Step Forty Two. How would you draw/represent our subject with only polka dots? In this case, how would you represent a flower with only polka dots? You can cut polka dots, or draw a flower with polka dots, or just imagine the whole things. They can be tiny polka dots or big polka dots. They can even be polka balls! Be playful, what stops you?
Step Forty Three. How would you represent our subject with Math? In our case, a flower. Maybe
flower=petals+pollen
or maybe
flower=(seed+sun+soil)-aphids
Go on, goof around. Don’t let the memory of your third grade teacher stop you. She’s not sneering at you anymore. Unless she brought these exercises up to you, in which case, hi Mrs Brown! We love you!
Step Forty Four. What would the future look like without our subject? In our case, what would the future look like without flowers? How would this affect systems, economies, relationships between people and between nations? How would it affect cities, landscapes, infrastructure, art, architecture?
Step Forty Five. What would the world look like if our subject was huge? In our case, what would the world look like with enormous flowers? How would this affect systems, economies, relationships between people and between nations? How would it affect cities, landscapes, infrastructure, art, architecture?
Step Forty Six. What would the world look like if our subject was tiny? In our case, what would the world look like with diminute flowers? How would this affect systems, economies, relationships between people and between nations? How would it affect cities, landscapes, infrastructure, art, architecture?
Step Forty Seven. Design an allegory for our subject. In this case, an allegory for your flower. What would an anthropomorphic representation of a flower look like? It you had to represent a flower as a person representing a flower, what would that look like. For example, we represent Justice as a blindfolded lady holding scales. That’s the allegory of Justice. What would the allegory of our subject be if you designed it? Maybe you can draw it, or imagine it, or sculpt it. Maybe you can photoshop it or maybe you can make it our of magazine scraps. The world is your oyster!
Step Forty Eight. If our subject was an animal, what animal would it be? In our example case, what animal would a flower be. If the subject you are working with is an animal, make it be a different animal!
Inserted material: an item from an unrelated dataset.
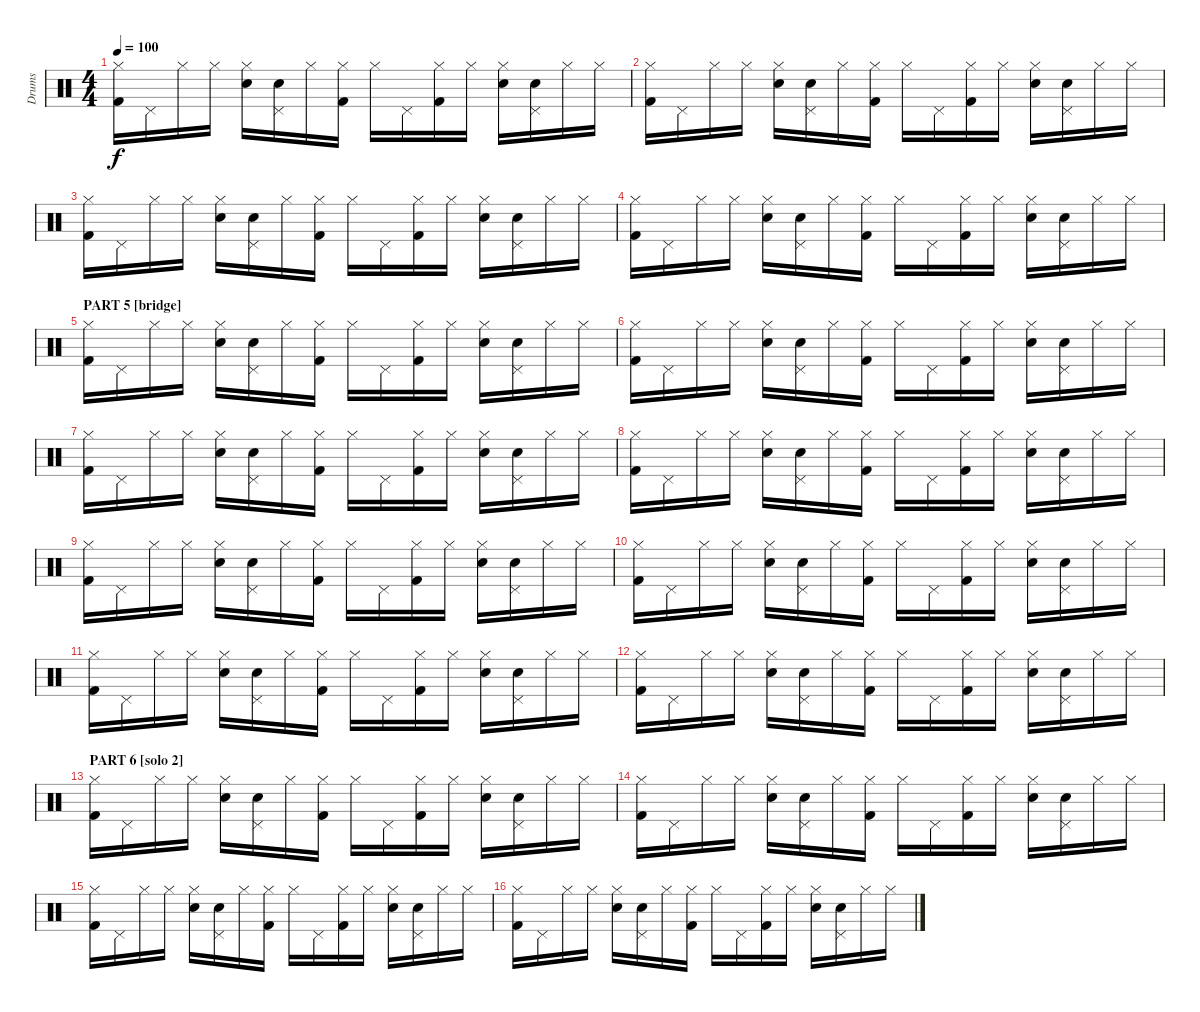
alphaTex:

Step Forty Nine. If our subject was a company, what would its logo be? Design it!
Step Fifty. What is our subject? What is a flower?
Step Fifty One. If our subject was a song, what would it sound like? What would a flower sound like if it was a song?
Step Fifty Two. What is our subject, first and foremost? What is a flower, first and foremost?
Step Fifty Three. What is our subject. In our case, what is a flower? Now, go ahead, let loose. Research, read books and encyclopedias, google, perplexify and AI to your heart’s content. Bringing fresh eyes to an old and trite subject can make it fresh in turn.
Close your eyes and take a deep breath. You did a great job, congratulations!
You’ve travelled through conceptual thinking, abstract thinking, linear thinking, negative space, systems thinking, second and third order effects, brushed onto probabilities, honed on your etymology and maybe even changed your mind a few times. Without even noticing, you’ve practiced thinking like an analyst, a storyteller, a philosopher and an artist. You mapped connections, explored consequences and questioned assumptions.
You have added powerful, tangible, useful tools to your toolkit.
You can use this guide to think of simple, familiar subjects, like a flower or like a table. You can use it to think of more complex subjects, like Physics or Mathematics. Yes, even algebra and statistics. Give it a try! Don’t be afraid. It’s just numbers, it won’t hurt. You might just be a genius in the hiding.
You might just be a genius in the making.
Now,
open your eyes. What do you see?
Keep your eyes open. You might discover the world anew.